With the pictures removed, the data below must be transcribed in full and exactly.

### Extracted data entries:
-*-*-

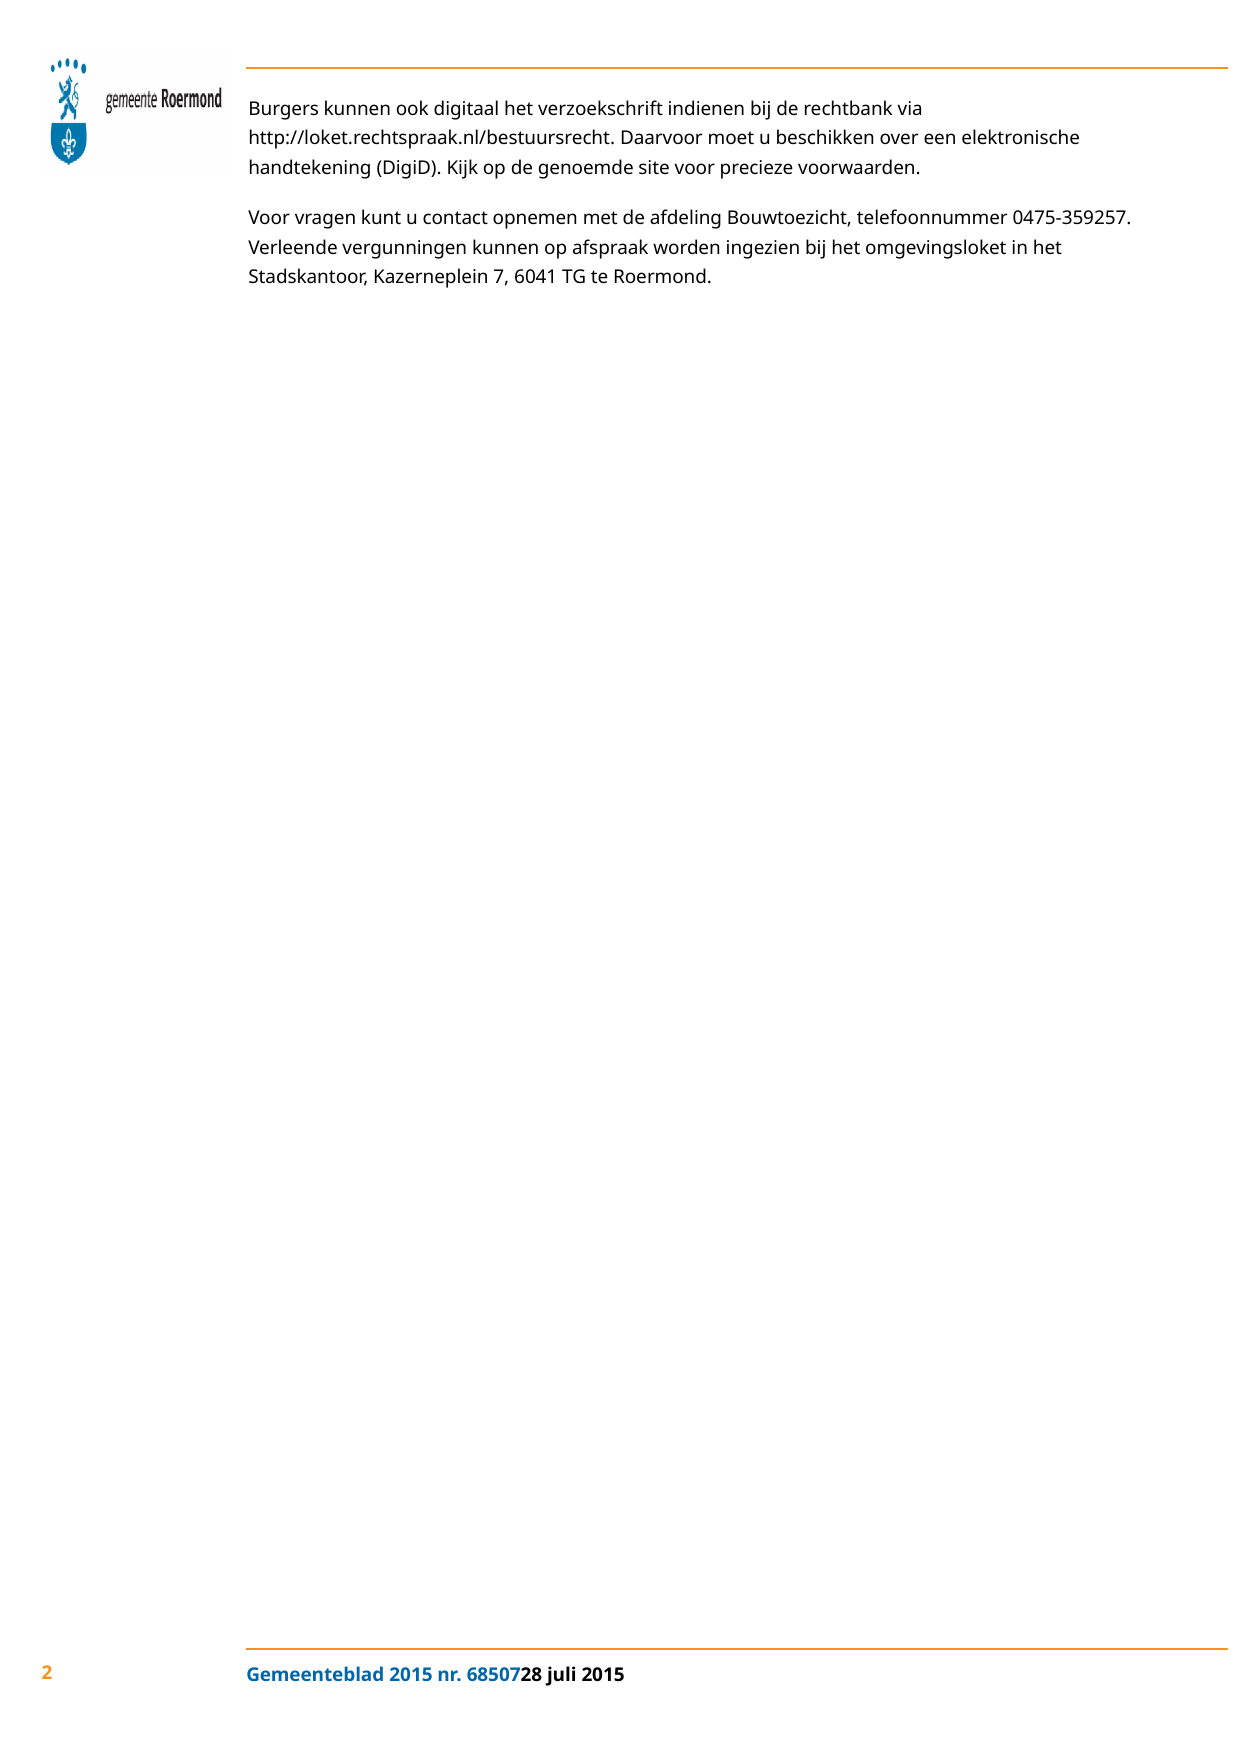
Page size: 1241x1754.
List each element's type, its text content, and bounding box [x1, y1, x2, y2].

text Voor vragen kunt u contact opnemen met de afdeling Bouwtoezicht, telefoonnummer 0475-359257. Verleende vergunningen kunnen op afspraak worden ingezien bij het omgevingsloket in het Stadskantoor, Kazerneplein 7, 6041 TG te Roermond. [248, 204, 1152, 289]
picture [41, 47, 231, 172]
text Burgers kunnen ook digitaal het verzoekschrift indienen bij de rechtbank via http://loket.rechtspraak.nl/bestuursrecht. Daarvoor moet u beschikken over een elektronische handtekening (DigiD). Kijk op de genoemde site voor precieze voorwaarden. [248, 95, 1152, 180]
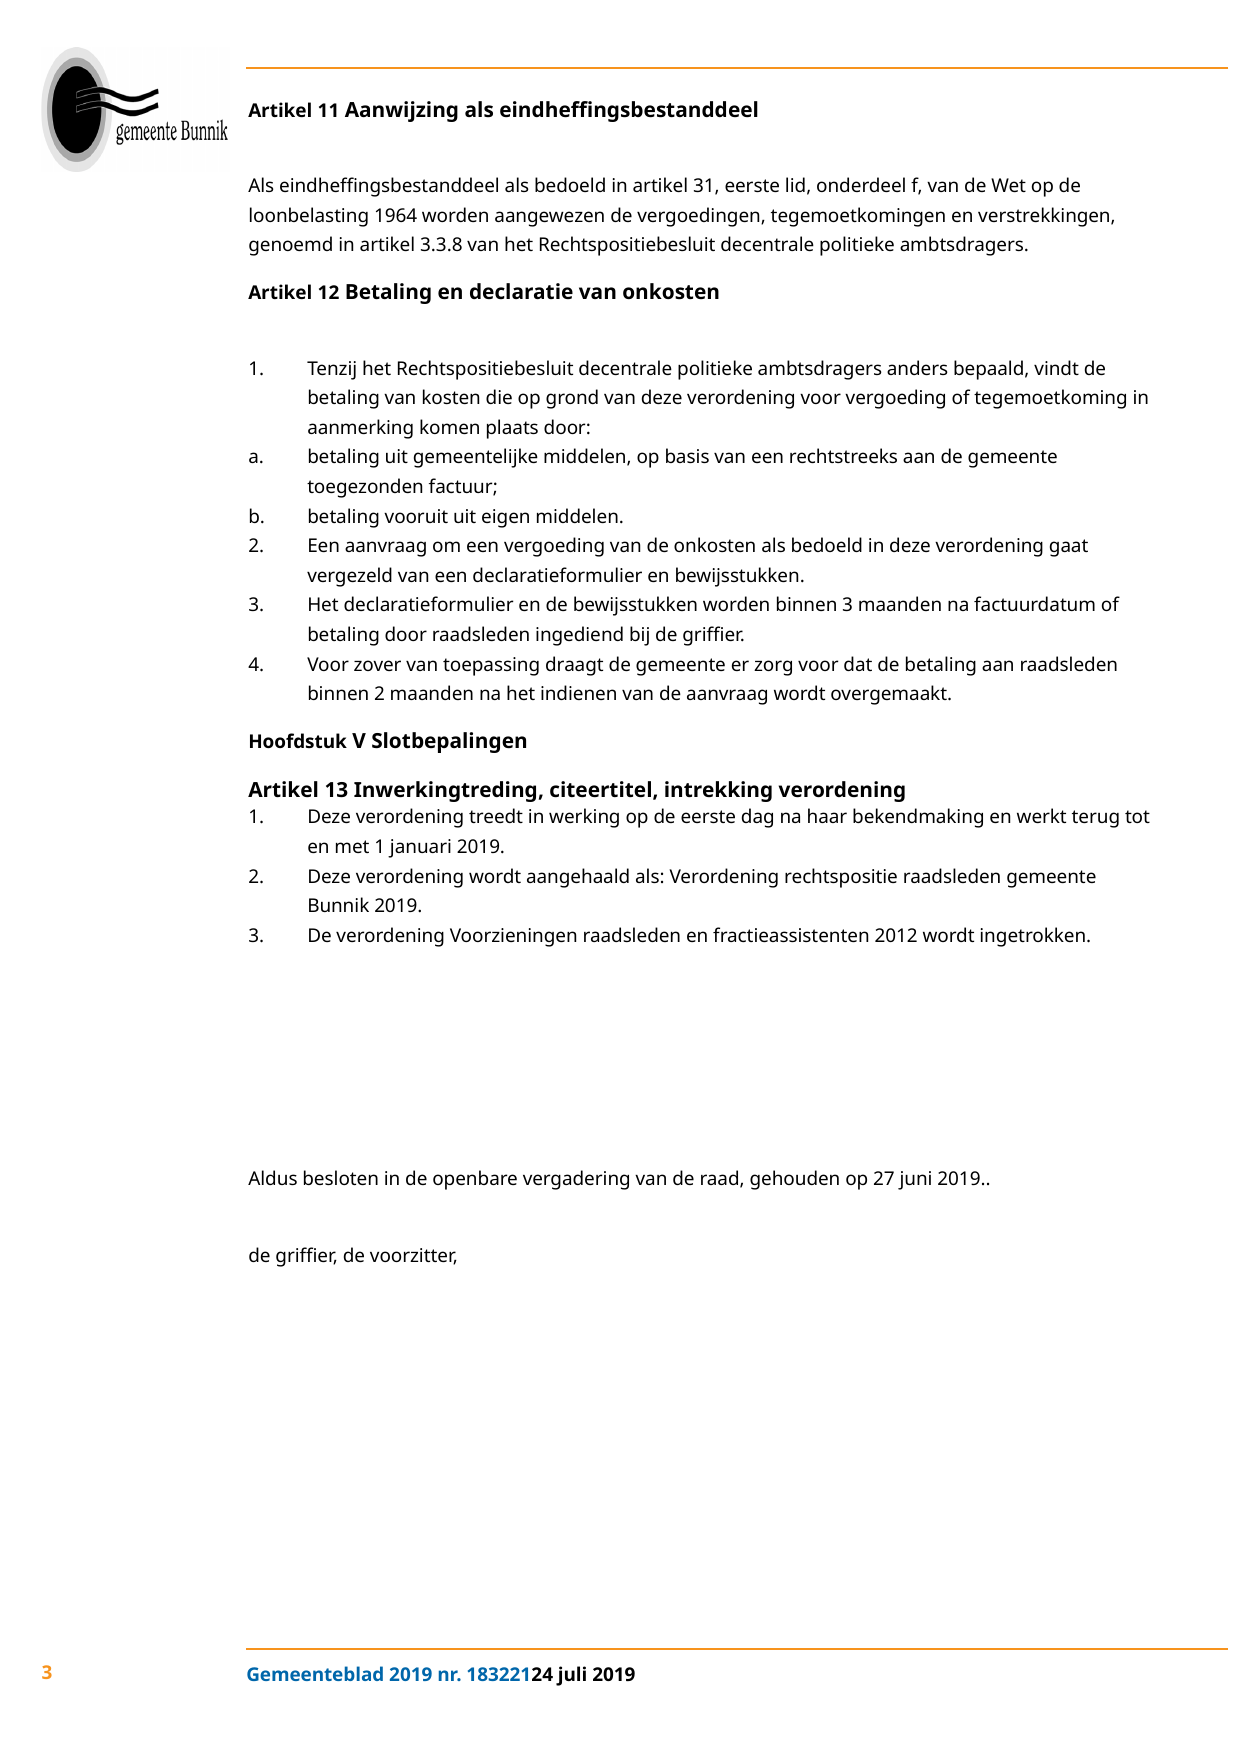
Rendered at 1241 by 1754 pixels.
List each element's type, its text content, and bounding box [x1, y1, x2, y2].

-*-*-

### Task solution:
Page size: 1241x1754.
List each element's type, its text content, and bounding box [x1, y1, x2, y2].

text Voor vragen kunt u contact opnemen met de afdeling Bouwtoezicht, telefoonnummer 0475-359257. Verleende vergunningen kunnen op afspraak worden ingezien bij het omgevingsloket in het Stadskantoor, Kazerneplein 7, 6041 TG te Roermond. [248, 204, 1152, 289]
picture [41, 47, 231, 172]
text Burgers kunnen ook digitaal het verzoekschrift indienen bij de rechtbank via http://loket.rechtspraak.nl/bestuursrecht. Daarvoor moet u beschikken over een elektronische handtekening (DigiD). Kijk op de genoemde site voor precieze voorwaarden. [248, 95, 1152, 180]
Rendered at 1241 by 1754 pixels.
List each element's type, its text content, and bounding box [x1, y1, x2, y2].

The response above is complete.